> **PROBLEM DETAILS**
Each line of the records below that contains "Detect" needs to be copied.
═════ SOURCE MATERIAL ═════
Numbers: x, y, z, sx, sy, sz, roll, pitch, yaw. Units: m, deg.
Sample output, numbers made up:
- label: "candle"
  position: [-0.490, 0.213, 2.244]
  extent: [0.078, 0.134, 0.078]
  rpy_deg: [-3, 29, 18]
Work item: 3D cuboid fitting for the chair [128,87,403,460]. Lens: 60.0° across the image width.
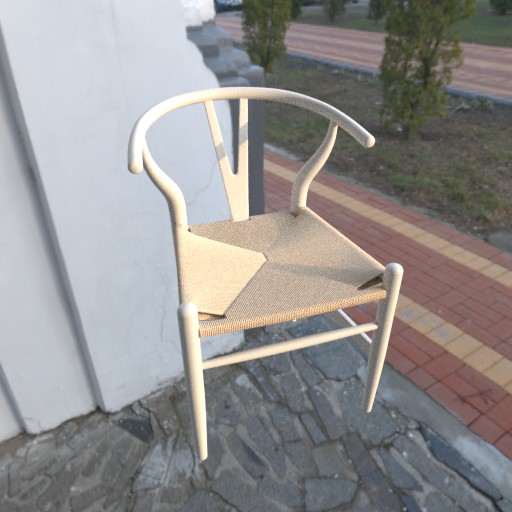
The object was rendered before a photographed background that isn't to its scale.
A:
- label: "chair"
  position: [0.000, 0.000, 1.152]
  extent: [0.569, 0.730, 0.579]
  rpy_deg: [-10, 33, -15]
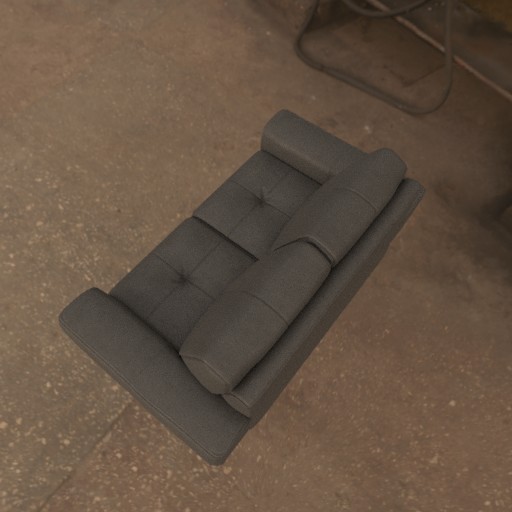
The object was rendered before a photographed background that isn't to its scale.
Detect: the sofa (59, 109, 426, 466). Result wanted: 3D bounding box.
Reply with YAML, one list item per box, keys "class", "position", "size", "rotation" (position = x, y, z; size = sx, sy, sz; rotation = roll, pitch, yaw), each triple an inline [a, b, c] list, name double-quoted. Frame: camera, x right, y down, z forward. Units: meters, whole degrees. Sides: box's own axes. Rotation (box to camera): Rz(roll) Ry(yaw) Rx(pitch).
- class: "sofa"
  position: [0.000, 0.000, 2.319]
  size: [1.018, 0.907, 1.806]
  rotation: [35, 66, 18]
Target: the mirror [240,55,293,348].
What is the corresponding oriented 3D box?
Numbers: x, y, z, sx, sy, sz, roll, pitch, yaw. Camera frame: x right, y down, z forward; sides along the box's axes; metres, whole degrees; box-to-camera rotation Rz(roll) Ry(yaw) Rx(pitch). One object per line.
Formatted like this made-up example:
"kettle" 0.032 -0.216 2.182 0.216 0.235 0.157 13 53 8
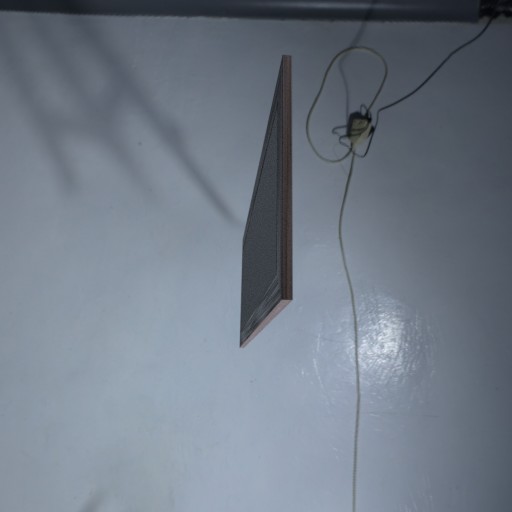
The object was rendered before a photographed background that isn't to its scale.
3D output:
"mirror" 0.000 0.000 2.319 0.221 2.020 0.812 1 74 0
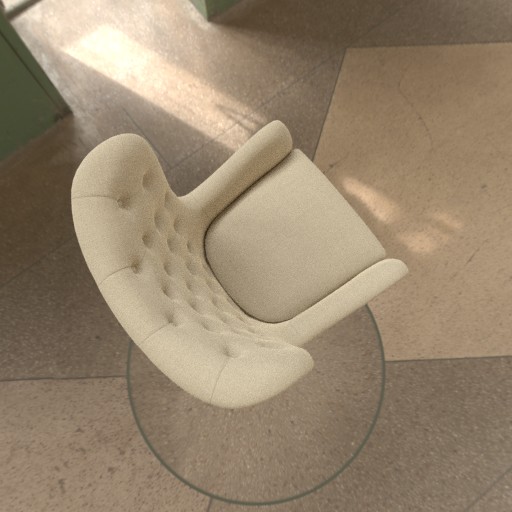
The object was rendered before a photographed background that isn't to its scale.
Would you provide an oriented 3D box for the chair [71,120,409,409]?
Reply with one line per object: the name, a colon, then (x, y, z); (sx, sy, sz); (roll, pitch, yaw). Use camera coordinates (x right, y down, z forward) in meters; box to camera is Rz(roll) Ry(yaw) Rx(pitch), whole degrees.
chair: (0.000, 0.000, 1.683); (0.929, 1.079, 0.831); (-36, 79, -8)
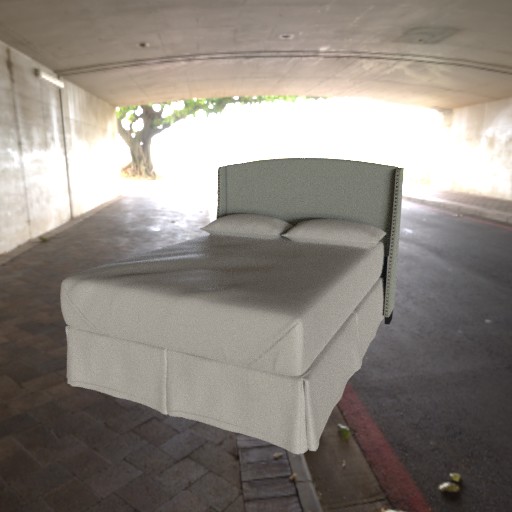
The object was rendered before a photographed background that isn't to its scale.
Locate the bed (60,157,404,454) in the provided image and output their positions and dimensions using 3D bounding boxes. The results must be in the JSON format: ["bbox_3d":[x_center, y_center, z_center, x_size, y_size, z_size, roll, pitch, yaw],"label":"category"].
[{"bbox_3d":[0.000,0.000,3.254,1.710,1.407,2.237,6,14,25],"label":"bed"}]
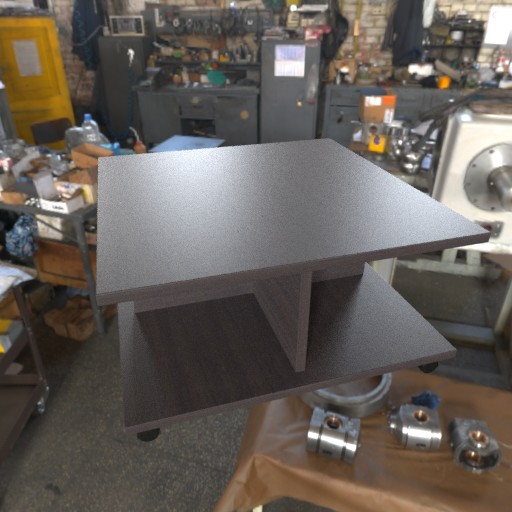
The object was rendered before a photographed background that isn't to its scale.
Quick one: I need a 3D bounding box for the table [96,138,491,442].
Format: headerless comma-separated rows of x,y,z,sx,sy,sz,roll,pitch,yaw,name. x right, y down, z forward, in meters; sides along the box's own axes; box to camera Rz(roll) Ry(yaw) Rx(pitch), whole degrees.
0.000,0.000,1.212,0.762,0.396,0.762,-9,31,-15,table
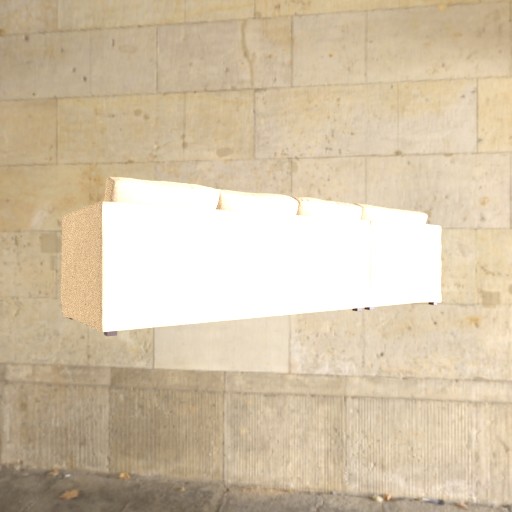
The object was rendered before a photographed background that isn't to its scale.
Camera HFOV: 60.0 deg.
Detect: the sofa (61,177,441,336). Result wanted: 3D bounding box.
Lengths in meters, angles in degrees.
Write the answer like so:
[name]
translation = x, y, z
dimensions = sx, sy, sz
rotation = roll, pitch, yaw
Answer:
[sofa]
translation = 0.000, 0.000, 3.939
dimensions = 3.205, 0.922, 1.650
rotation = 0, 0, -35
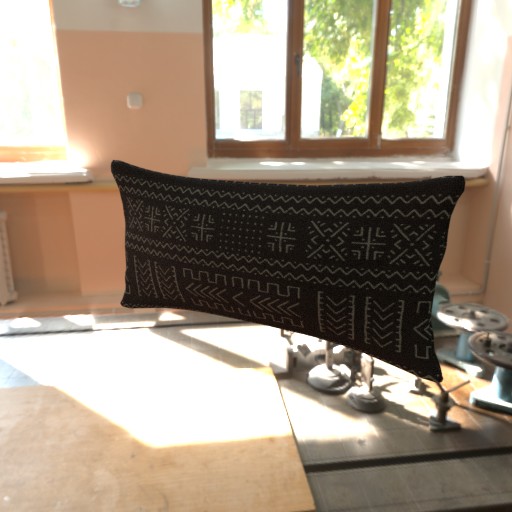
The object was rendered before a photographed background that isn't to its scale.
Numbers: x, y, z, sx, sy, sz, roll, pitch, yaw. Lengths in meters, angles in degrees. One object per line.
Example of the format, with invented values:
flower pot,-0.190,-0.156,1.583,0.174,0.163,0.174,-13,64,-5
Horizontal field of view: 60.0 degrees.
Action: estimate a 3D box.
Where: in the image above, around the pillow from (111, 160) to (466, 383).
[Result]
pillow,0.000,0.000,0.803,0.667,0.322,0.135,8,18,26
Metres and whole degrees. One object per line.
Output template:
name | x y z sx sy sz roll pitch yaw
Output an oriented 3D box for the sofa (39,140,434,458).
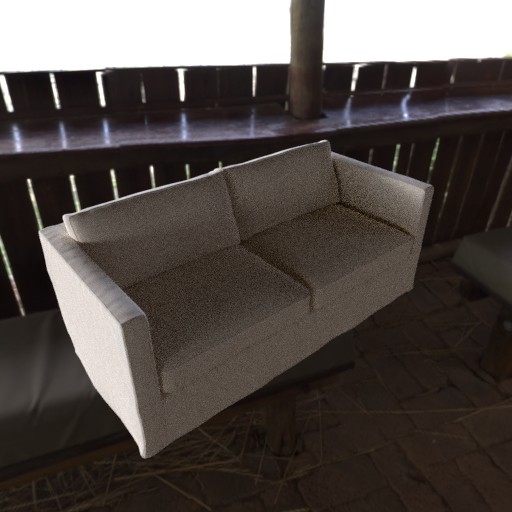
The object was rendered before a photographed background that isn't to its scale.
═════
> **COMPLETED EXERCISE**
Detect: the sofa (59, 109, 426, 466). Result wanted: 3D bounding box.
Detect: the sofa (61,177,441,336). Result wanted: 3D bounding box.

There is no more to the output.